*Stored entries:*
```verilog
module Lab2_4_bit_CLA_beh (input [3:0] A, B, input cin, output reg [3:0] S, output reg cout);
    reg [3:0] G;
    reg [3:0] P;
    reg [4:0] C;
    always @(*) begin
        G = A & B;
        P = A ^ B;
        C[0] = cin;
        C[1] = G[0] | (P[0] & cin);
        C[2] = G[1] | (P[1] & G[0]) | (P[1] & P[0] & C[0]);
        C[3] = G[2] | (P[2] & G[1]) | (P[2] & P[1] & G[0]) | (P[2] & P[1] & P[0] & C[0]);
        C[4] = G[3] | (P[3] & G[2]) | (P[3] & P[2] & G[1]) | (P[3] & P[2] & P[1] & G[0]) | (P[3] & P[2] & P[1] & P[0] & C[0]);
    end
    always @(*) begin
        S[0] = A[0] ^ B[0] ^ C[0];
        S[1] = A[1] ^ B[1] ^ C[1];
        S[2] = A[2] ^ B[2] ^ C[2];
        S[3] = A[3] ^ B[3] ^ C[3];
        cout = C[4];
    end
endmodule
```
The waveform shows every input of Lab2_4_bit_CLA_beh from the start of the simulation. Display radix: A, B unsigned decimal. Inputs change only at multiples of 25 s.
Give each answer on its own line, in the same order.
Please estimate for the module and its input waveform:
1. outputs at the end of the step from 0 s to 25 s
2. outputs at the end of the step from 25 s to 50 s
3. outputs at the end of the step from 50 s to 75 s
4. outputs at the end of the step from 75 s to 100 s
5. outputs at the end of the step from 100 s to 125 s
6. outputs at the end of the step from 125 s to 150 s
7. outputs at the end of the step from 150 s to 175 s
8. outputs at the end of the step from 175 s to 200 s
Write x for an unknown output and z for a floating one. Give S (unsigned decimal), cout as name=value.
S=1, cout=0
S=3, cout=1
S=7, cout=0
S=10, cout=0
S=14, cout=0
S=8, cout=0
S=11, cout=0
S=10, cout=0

* * *

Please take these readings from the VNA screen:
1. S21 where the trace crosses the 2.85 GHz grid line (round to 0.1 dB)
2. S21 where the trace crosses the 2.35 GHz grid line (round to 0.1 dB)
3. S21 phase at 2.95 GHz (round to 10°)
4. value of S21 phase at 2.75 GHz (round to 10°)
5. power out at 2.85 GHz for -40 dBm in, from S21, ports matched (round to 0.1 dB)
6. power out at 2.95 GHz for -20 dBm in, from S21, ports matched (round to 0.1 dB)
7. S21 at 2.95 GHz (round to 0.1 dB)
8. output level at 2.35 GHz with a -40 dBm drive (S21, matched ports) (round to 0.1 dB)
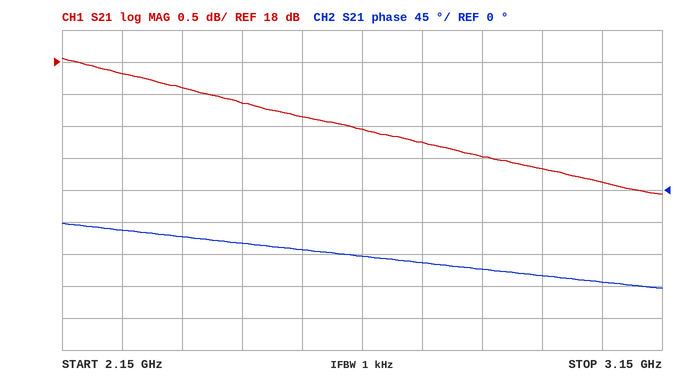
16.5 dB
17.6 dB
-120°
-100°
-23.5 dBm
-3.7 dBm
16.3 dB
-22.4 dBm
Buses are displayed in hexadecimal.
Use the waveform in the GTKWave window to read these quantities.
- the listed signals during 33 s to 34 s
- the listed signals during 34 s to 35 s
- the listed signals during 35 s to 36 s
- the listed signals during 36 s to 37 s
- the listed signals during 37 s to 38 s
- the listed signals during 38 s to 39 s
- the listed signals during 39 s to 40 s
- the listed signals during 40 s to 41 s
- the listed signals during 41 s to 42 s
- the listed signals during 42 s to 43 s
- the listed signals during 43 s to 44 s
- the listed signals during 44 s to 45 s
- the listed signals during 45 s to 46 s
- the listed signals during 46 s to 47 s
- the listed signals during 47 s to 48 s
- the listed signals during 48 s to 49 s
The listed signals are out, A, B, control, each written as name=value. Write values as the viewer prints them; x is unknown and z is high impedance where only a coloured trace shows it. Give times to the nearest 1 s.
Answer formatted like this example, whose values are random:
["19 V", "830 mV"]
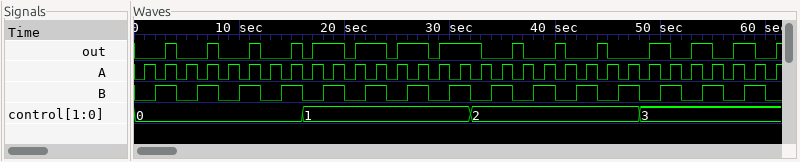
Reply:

...

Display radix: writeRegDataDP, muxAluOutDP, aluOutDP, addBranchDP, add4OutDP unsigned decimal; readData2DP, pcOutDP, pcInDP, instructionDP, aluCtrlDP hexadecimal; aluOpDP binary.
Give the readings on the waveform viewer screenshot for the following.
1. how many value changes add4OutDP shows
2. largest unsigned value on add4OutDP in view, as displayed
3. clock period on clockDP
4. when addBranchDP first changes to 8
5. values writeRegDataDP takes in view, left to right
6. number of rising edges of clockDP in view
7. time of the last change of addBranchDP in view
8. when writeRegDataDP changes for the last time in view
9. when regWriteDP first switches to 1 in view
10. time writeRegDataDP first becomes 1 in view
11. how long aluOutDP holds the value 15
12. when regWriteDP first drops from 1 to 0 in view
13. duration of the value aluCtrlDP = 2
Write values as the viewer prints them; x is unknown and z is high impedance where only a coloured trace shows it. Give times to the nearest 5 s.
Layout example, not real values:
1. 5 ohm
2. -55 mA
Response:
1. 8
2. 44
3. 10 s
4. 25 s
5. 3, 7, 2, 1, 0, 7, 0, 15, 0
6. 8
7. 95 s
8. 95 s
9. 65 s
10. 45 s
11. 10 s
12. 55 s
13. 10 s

*WHAT NEEDS TO BE DONE:* Taking the entries above, write out exactly each line from the one holding "5. values writeRegDataDP" to the one holding "13. duration of the value aluCtrlDP = 2", both included, and stop there.

*TASK OUTPUT:*
5. values writeRegDataDP takes in view, left to right
6. number of rising edges of clockDP in view
7. time of the last change of addBranchDP in view
8. when writeRegDataDP changes for the last time in view
9. when regWriteDP first switches to 1 in view
10. time writeRegDataDP first becomes 1 in view
11. how long aluOutDP holds the value 15
12. when regWriteDP first drops from 1 to 0 in view
13. duration of the value aluCtrlDP = 2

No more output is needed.